= Mahmud Qabadu =

Mahmud Qabadu (1812–1872) of Tunisia, also Muhammad Qabadu, was a scholar of Quranic studies, a progressive member of the ulama, a long-time professor at the Zaytuna mosque academy, and a poet. Shaykh Mahmūd Qabādū served as a qadi to the chief judge and latter as mufti in Tunis.

==Life and career==

When he was young, Mahmud Qabadu left Tunisia to study at a sufi center in Tripolitania, that of the Madaniyya tarika, a branch of the Darqawa. Eventually he traveled to Istanbul. There he became associated with the leading jurist 'Arif Bey, who was the shaykh al-Islam (Turkish: seyhul-islam), and who was also a partisan of the Tanzimat reforms then at issue in the Ottoman Empire.

In 1842 the Tunisian ruler Ahmed Bey, himself a reformer, sent his private secretary (probably Bin Diyaf) to Istanbul in order to offer Mahmud Qabadu a post at the new Bardo Military Academy (al-Maktab al-Harbi) in Tunis. Qabadu accepted and returned to Tunis, becoming professor of Arabic and Islamic studies. For many years he taught as "one of the most preeminent teachers" not only at the Bardo, but also at the Zitouna Mosque-University in Tunis. At Zitouna, Mahmud Qabadu and others molded its educational development along the lines of Islamic reform.

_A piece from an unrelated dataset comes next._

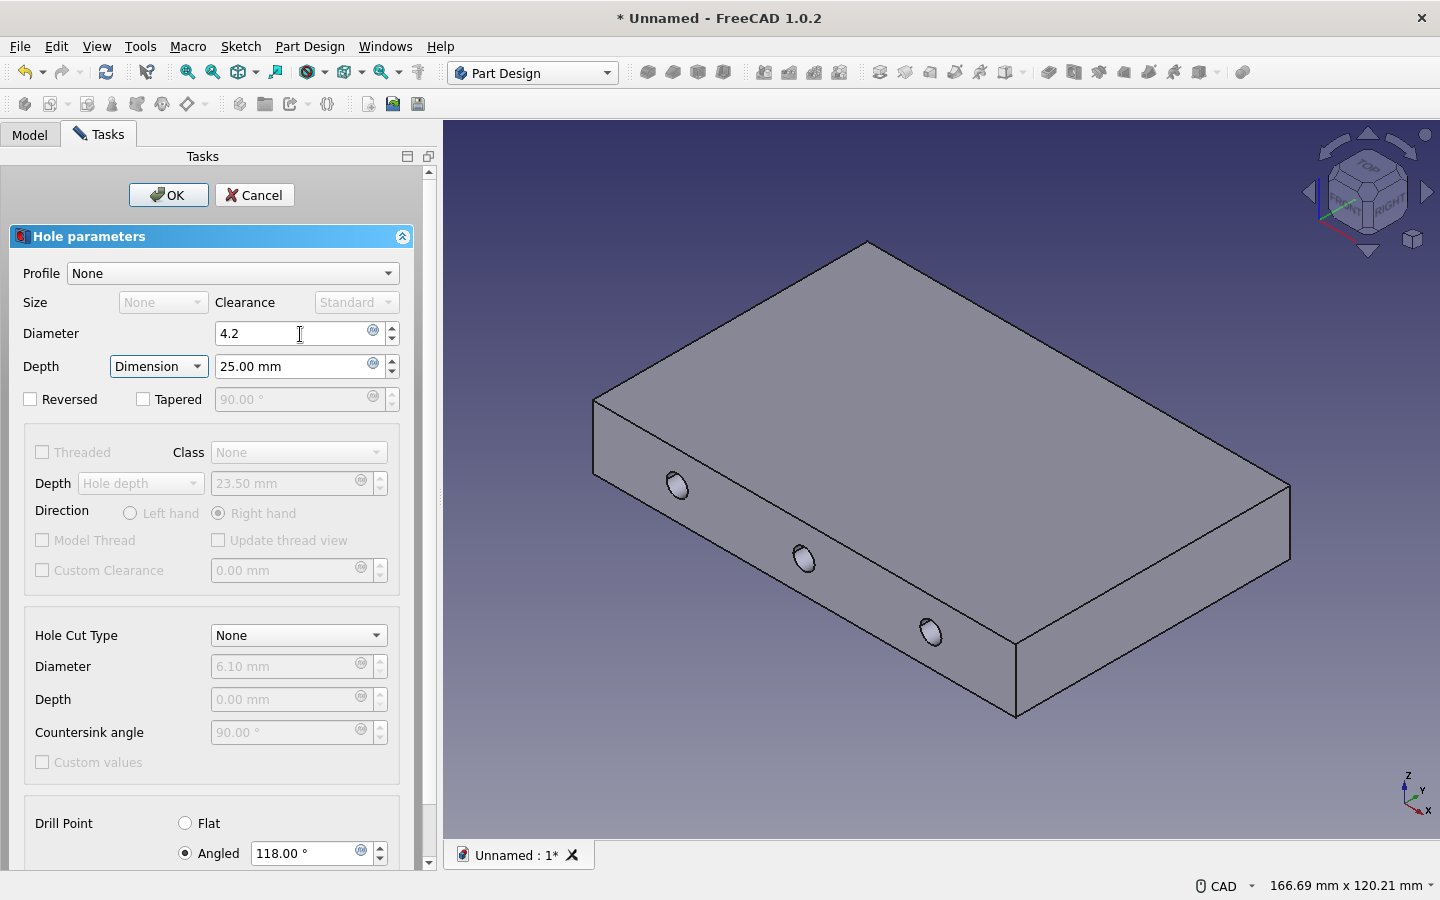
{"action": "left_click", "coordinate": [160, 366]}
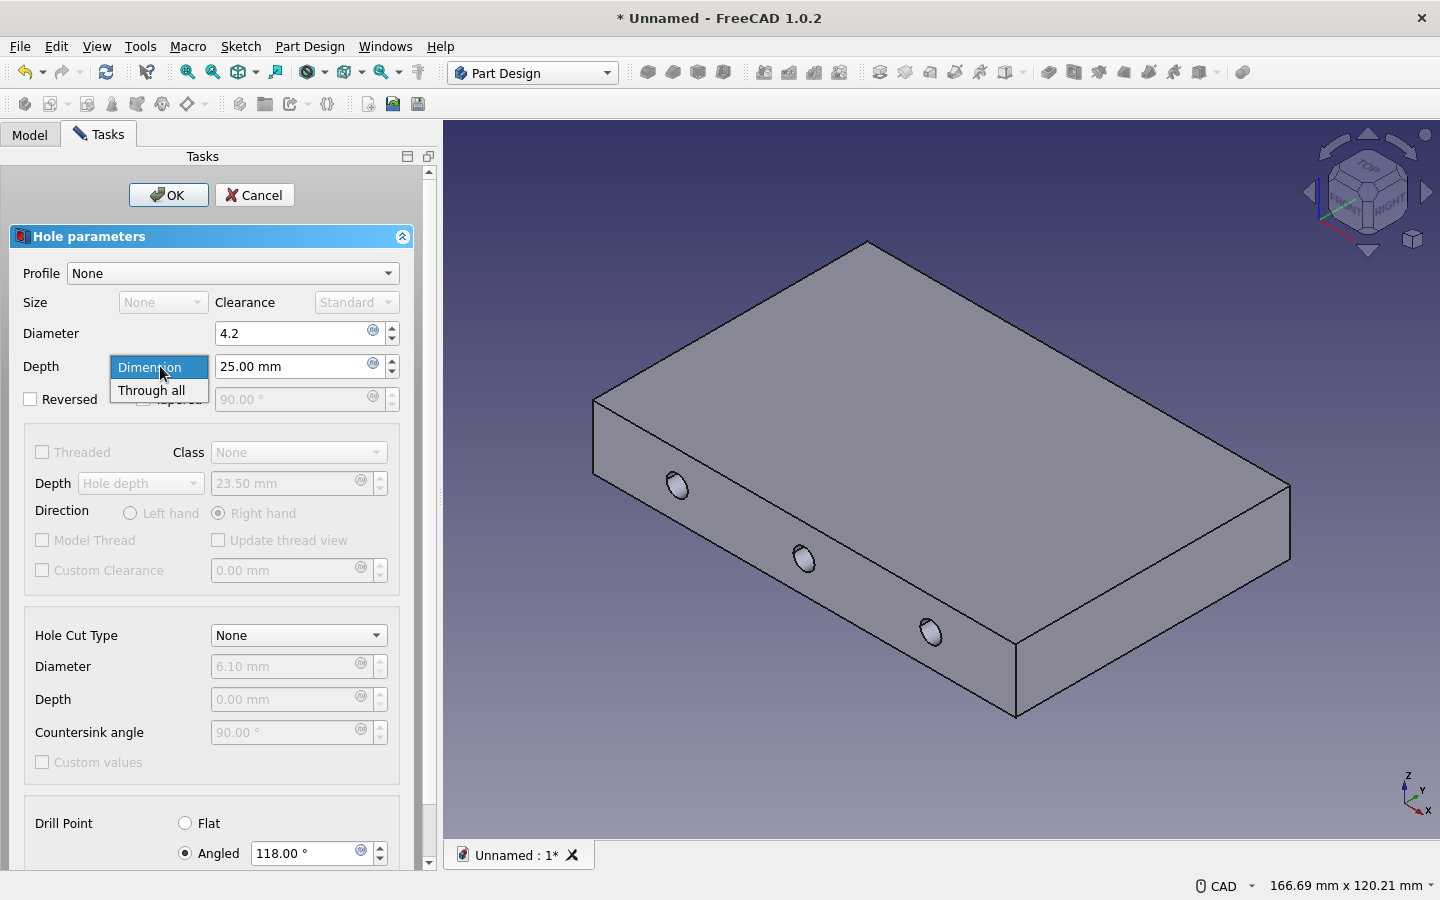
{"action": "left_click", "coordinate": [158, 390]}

The governmental and social changes initiated under Ahmed Bey stamped the era as one of modernizing reform in Tunisia. Qabadu became an important insider of the reforming "party," led by the bey's minister, Khair al-Din. These reforms continued under the next two rulers, Muhammad Bey and Sadok Bey. The overall nineteenth-century reform era, including Qabadu's significant contributions, formed a historic platform for the construction of further republican reforms after independence.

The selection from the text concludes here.